WORK ITEM: Only the last stretch of the records is wanted: restate word for word the line with "Your response must be concise. 0." and every line after it.

*** INFORMATION PROVIDED Section Begins ***

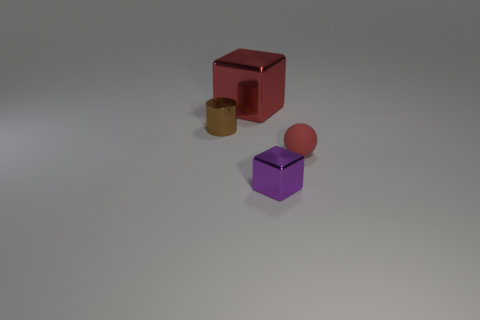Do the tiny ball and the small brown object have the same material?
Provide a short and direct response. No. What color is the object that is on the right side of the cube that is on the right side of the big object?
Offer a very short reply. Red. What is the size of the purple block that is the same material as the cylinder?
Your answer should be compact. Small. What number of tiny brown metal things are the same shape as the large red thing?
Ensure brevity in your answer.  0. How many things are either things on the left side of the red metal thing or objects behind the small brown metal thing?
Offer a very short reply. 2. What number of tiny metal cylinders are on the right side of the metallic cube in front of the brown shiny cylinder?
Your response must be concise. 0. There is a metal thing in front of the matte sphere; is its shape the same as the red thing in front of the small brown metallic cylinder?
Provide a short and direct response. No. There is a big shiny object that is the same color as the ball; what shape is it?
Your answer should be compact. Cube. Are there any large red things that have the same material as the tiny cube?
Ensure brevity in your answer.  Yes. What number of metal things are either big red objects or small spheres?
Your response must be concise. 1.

*** INFORMATION PROVIDED Section Ends ***

WRITTEN ANSWER:
Your response must be concise. 0. There is a metal thing in front of the matte sphere; is its shape the same as the red thing in front of the small brown metallic cylinder?
Provide a short and direct response. No. There is a big shiny object that is the same color as the ball; what shape is it?
Your answer should be compact. Cube. Are there any large red things that have the same material as the tiny cube?
Ensure brevity in your answer.  Yes. What number of metal things are either big red objects or small spheres?
Your response must be concise. 1.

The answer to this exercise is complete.